Em 2003, em seu primeiro ano no primeiro governo, recordo que quando se preparava uma visita do presidente Lula aos EUA, o então Ministro da Educação, Cristovam Buarque, teria buscado promover um encontro do mandatário exatamente com Bill Gates. Porém, naquela época, ainda havia um sopro de esperança – Cartola diria uma esperança vaga – com algumas iniciativas no seio do governo visando a adoção , pelo Estado Brasileiro, do Software Livre, que seria implantado de forma ampla em toda a Administração Pública Federal, como superlativos e inquestionáveis benefícios para o povo brasileiro, sejam econômicos ou aqueles incalculáveis ganhos da independência tecnológica, cujos desdobramentos se configurariam em formidável estímulo para o desenvolvimento de tecnologias próprias neste ramo. Que, ninguém nega, é uma questão de poder.

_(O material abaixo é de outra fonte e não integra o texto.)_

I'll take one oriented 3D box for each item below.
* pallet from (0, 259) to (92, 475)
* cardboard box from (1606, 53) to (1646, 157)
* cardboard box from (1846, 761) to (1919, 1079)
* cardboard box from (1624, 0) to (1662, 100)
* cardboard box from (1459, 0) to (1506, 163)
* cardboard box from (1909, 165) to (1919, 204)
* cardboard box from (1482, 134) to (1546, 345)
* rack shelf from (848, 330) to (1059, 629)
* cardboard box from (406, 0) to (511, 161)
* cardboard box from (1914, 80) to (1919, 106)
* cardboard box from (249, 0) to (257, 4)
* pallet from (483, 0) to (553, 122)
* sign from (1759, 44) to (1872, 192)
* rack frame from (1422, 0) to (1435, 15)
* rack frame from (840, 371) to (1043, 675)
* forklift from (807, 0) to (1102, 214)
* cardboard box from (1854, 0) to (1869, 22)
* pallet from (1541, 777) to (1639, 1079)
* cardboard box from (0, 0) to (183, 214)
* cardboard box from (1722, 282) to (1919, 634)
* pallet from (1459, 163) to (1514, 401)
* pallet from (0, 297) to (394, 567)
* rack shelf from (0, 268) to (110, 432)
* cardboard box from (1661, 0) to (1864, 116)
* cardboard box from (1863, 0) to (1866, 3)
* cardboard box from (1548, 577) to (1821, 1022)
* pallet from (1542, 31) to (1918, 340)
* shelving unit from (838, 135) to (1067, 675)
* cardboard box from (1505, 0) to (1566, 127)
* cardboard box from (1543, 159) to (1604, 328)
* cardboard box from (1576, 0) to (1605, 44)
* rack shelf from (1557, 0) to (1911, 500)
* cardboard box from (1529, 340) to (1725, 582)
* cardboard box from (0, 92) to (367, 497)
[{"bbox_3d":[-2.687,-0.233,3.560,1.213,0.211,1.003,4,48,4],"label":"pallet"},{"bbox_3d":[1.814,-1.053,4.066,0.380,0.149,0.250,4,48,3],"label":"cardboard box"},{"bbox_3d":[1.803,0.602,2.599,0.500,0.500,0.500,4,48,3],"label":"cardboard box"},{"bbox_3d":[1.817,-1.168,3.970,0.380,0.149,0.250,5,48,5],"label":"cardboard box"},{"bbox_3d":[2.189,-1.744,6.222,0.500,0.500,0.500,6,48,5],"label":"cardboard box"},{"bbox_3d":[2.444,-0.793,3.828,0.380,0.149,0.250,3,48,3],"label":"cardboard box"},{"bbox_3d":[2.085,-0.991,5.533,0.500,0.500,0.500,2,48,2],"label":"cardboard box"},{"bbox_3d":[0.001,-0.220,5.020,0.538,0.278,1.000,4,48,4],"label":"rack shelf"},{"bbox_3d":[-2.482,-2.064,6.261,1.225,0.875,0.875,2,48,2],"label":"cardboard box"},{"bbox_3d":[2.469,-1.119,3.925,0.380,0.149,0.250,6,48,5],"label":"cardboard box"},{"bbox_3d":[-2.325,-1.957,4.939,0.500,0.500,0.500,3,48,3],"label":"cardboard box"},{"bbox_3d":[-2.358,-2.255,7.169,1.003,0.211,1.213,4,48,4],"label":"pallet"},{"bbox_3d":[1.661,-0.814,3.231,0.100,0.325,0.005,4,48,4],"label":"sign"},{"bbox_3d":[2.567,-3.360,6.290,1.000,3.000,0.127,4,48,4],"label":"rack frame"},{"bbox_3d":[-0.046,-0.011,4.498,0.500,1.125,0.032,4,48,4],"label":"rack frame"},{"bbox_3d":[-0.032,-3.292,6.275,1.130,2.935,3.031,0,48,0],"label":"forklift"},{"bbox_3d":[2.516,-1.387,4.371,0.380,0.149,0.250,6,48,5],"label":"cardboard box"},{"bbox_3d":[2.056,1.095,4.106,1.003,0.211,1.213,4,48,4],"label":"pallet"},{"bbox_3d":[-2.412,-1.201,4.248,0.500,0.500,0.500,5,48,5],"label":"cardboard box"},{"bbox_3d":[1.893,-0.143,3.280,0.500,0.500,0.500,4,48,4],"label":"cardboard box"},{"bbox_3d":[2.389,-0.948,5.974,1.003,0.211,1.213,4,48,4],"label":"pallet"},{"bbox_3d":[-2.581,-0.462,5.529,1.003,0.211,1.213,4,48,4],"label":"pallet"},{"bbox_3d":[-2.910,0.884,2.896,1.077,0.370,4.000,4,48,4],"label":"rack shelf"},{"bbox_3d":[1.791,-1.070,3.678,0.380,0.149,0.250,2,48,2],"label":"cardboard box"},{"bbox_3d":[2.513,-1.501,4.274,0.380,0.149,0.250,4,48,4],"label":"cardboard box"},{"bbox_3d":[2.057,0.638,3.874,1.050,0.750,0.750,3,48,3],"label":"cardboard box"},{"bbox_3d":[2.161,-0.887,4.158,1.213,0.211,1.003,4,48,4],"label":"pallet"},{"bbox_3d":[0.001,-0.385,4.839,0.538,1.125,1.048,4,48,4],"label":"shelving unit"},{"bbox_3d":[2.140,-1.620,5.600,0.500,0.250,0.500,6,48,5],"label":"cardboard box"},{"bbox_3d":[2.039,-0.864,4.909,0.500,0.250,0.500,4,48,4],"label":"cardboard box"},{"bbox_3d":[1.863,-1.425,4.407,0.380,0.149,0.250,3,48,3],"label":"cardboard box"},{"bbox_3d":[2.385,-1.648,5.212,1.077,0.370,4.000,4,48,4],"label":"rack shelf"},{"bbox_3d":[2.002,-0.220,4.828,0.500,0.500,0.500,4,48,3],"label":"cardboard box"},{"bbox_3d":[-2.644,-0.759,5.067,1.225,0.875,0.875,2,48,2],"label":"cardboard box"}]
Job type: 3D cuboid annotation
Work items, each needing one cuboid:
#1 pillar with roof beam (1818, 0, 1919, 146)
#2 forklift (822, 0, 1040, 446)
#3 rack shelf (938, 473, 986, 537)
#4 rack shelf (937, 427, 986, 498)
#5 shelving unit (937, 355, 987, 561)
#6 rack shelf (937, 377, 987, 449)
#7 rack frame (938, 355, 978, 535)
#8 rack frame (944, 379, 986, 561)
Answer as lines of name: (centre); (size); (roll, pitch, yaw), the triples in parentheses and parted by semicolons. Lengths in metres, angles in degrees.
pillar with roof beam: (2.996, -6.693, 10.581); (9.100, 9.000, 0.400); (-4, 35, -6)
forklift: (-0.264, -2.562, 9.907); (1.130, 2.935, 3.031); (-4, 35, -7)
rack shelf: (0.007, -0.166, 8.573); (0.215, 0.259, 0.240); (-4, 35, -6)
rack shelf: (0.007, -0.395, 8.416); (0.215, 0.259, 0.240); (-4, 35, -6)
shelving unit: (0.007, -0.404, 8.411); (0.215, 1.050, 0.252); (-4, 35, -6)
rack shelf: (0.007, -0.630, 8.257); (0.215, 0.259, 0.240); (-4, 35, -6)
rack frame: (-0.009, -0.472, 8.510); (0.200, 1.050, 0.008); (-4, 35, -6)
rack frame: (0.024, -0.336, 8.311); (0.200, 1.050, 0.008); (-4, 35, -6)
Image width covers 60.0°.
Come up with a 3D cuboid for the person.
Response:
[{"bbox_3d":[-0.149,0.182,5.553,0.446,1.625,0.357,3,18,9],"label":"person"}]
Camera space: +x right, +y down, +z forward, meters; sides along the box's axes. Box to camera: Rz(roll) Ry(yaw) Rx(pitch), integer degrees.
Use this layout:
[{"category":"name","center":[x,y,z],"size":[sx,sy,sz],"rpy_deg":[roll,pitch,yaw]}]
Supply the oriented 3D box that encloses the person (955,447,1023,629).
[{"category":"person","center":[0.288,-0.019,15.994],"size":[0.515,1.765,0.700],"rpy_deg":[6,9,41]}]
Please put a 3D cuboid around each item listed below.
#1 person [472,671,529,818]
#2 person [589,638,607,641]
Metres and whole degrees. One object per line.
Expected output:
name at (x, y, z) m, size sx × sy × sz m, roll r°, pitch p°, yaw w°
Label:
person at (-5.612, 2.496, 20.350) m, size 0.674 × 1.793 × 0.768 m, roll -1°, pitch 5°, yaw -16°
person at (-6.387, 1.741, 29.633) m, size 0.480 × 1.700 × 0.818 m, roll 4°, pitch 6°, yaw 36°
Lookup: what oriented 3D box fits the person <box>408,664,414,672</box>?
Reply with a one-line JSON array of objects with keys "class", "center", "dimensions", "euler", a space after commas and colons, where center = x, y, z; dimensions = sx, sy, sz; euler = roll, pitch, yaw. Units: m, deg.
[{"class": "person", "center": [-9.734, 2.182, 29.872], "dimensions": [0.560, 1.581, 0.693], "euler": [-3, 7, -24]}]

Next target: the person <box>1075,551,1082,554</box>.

Lembro que a iniciativa, supostamente do Ministro da Educação não tinha sido avaliada com simpatia pelos segmentos mais à esquerda da sociedade brasileira, especialmente, pelos protagonistas do Movimento do Software Livre. Desconheço como se deram exatamente as pugnas de bastidores, mas, ao final daquele ano ou pouco depois, Cristovam Buarque foi demitido num telefonema presidencial quando se encontrava no exterior.
Mas, com a volta de Lula ao Alvorada, para um terceiro mandato, o que se nota é que a bandeira do Software Livre parece esquecida no Palácio do Planalto, não apenas no Ministério da Educação, onde se registra desconcertante e temerário espaço para políticas elaboradas e aplicadas pela Fundação Leman. No mínimo, a premiação de Lula pelo dono da Microsoft indicaria que não há nada mais remoto e esquecido hoje que a ideia da disseminação dos software não proprietários pelo Brasil. E, também esquecida está, a Política de Reserva de Mercado para Informática, que levou o Brasil a ser um dos poucos a alcançar a produção de minicomputadores com tecnologia totalmente nacional. É curioso este esquecimento por parte do Presidente Lula, já que ele próprio tem recordado e divulgado todas as conquistas do Legado de Vargas, e, em diversas ocasiões, o presidente refere-se ao Governo Geisel como um período em que , em que pese o regime ditatorial, foram adotadas medidas corretas, como a implantação de estatais, o fortalecimento da Petrobrás, a criação da BR Distribuidora, e, também, a política de independência tecnológica na produção de hardware e software, consubstanciada na estatal Cobra, indústria de computadores. Os carentes de manejo sustentável da dialética poderão se confundir que há alguma reivindicação do ex-ministro Cristovam, ou nostalgia pelos tempos autoritários. Nem uma coisa, nem outra, O que há aqui é reivindicação de uma política de estado para setor de informática, o que impediria que Lula caísse na armadilha bilionária do Gates, como queria antes o ex ministro da educação.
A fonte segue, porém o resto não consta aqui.